Despite of the disadvantages of intramedullary fixation with nails, the intramedullary osteosynthesis was actually the single technique for simple (uncomplicated) fractures of the forearm bones in the Russian Federation in 90s of the previous century. With development of medical techniques and external plates for stable fixation without subsequent external immobilization, the techniques of external osteosynthesis have taken the leading place.
The efficiency of external fixation was higher in the comparative analysis of the results of external and intramedullary fixation with nails of square section in the patients with uncomplicated fractures of one or both bones (χ2 = 5.329, p = 0.021).
The analysis of the scientific literature has shown that unsatisfactory results of external fixation as result of migration of screws, destabilization of bone fragments and absence of union were 12.5 %, and that external fixation poorly appropriate for patients with opened, multiple fractures and in patients with osteoporosis [4].

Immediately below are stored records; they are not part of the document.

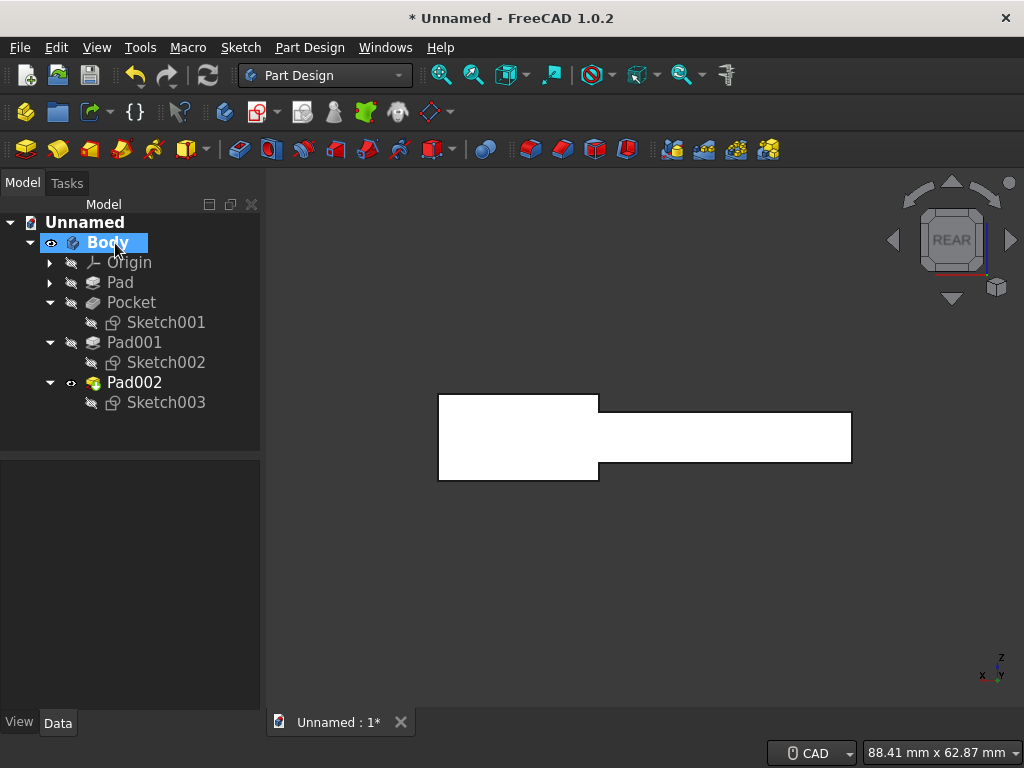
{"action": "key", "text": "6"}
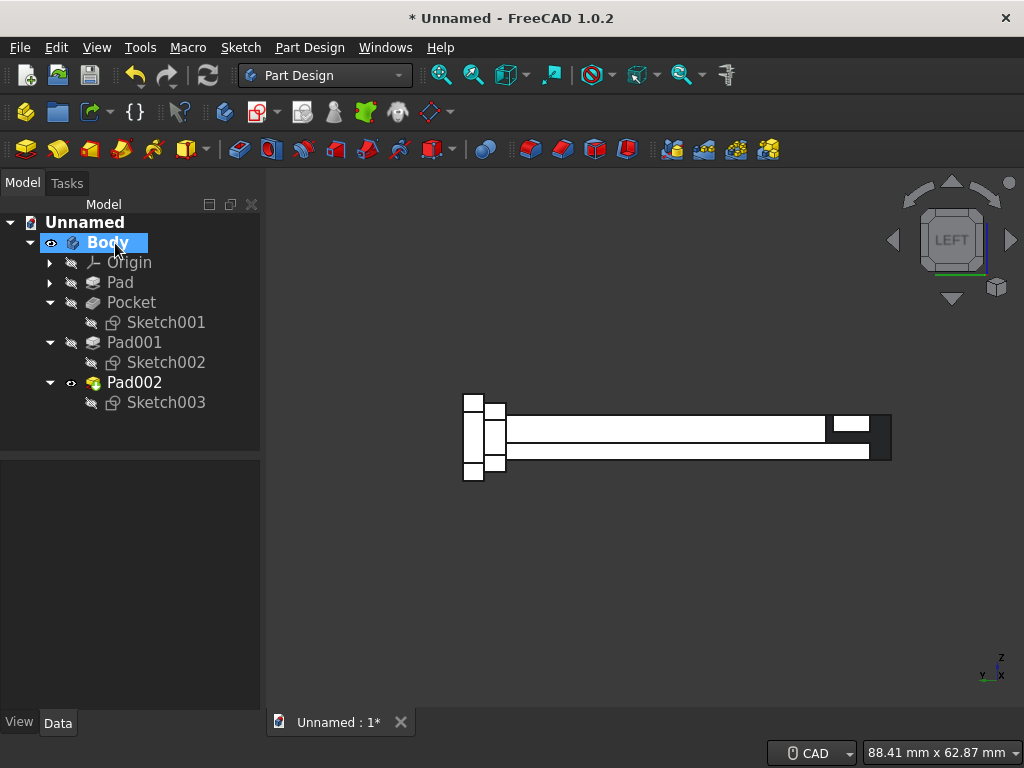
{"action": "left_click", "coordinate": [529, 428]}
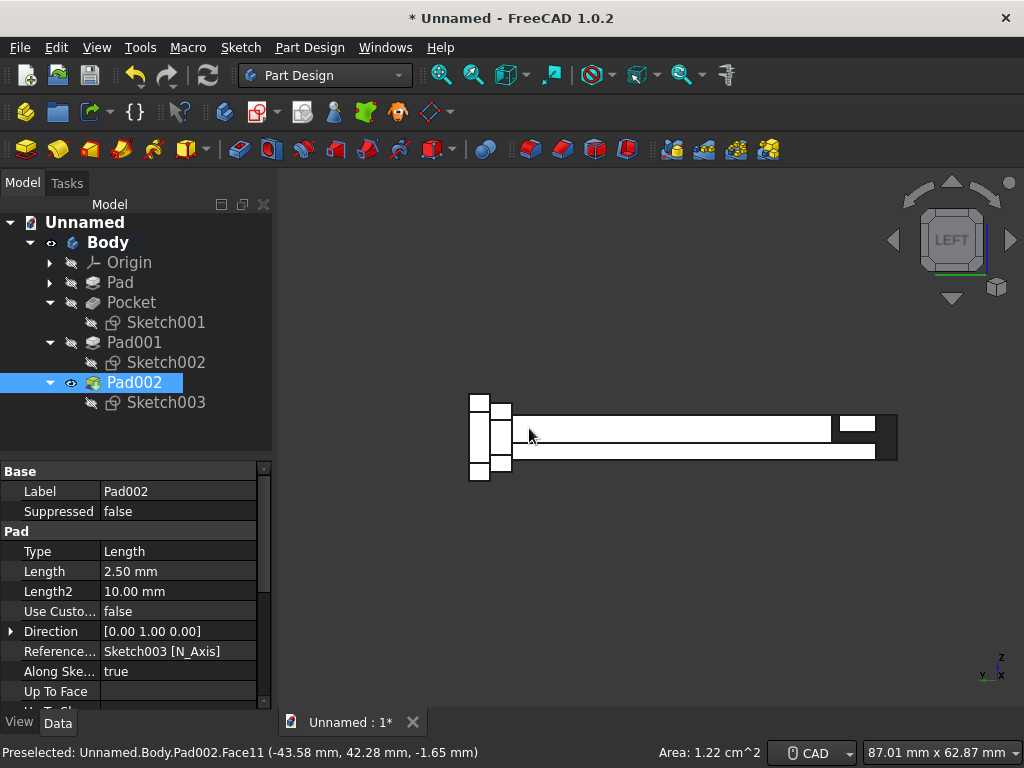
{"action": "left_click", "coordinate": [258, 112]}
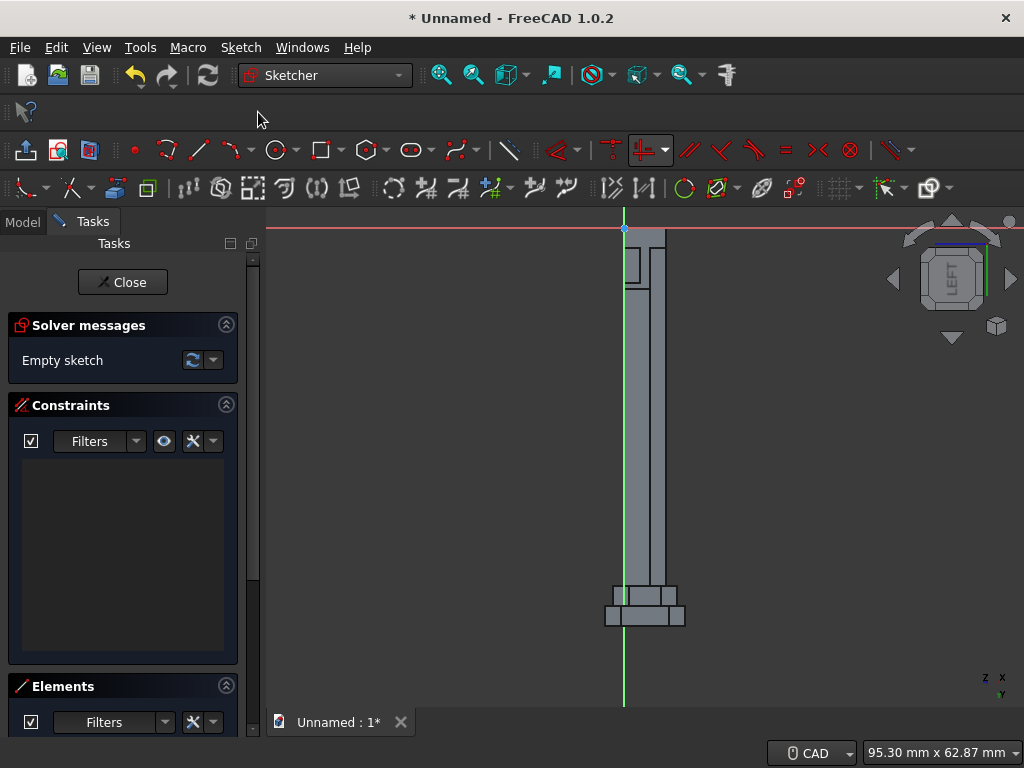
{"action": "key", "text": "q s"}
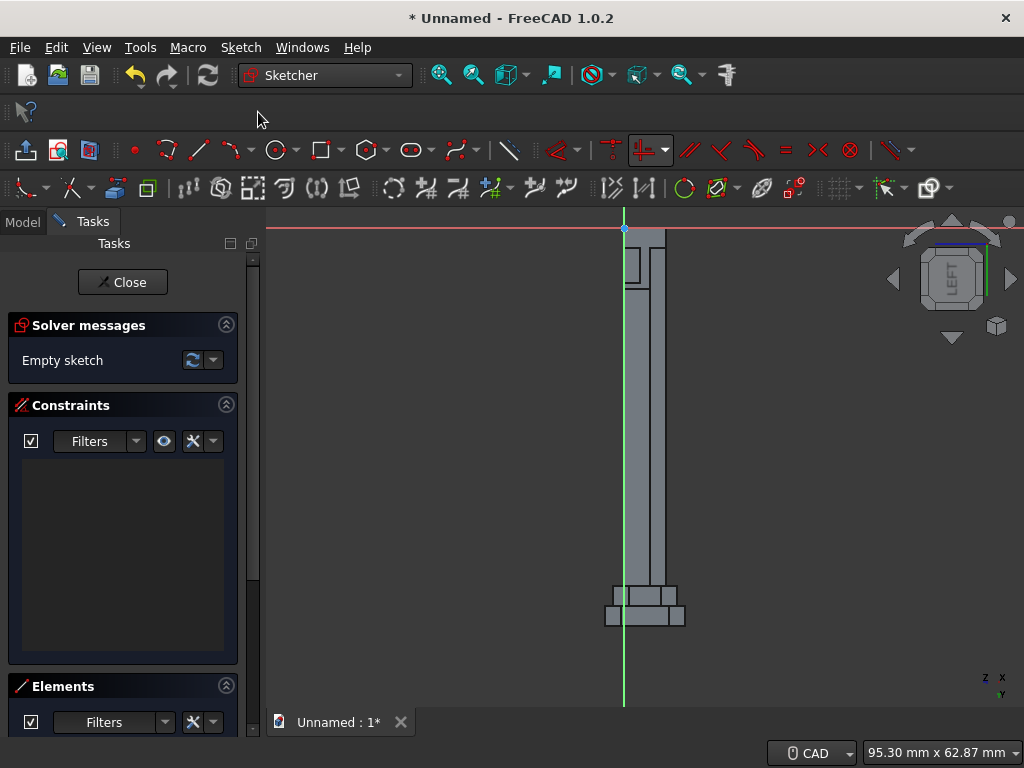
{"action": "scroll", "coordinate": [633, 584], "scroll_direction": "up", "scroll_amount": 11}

The positive qualities of intramedullary fixation (low traumatic effect, fixation of an injured bone along the whole length) were the foundations for improvement in the constructs and medical technologies. The locked nails, as well as nails for the radial bone with a curvature, have been offered for prevention of rotational mobility and creation of compression between bone fragments. The negative factor is absence of approximation of bone fragments along the width in oblique and fragmented fractures [3, 5].
The use of the shape memory constructs (S-shaped clamps, ring-shaped fixators) in combination with intramedullary fixation provides the adaptation and compression of bone fragments, sufficient stabilization of injured bones, with subsequent decrease in terms of external immobilization [1]. The comparative analysis of efficiency of external fixation and intramedullary fixation in combination with clamps with termomechanical memory showed the good results in the patients with complicated fractures of one or both forearm bones in 85.3 % and 95.2 % correspondingly (χ2 = 6.649, p = 0.010, the difference is statistically significant).
CONCLUSION
External fixation and intramedullary osteosynthesis in combination with termomechanical effect clamps are equally efficient for patients with uncomplicated fractures (one or two bones).
Additional fixation of bone fragments with termomechanical effect clamps improves the results of osteosynthesis in patients with fracture-dislocations and multiple fractures of the forearm bones.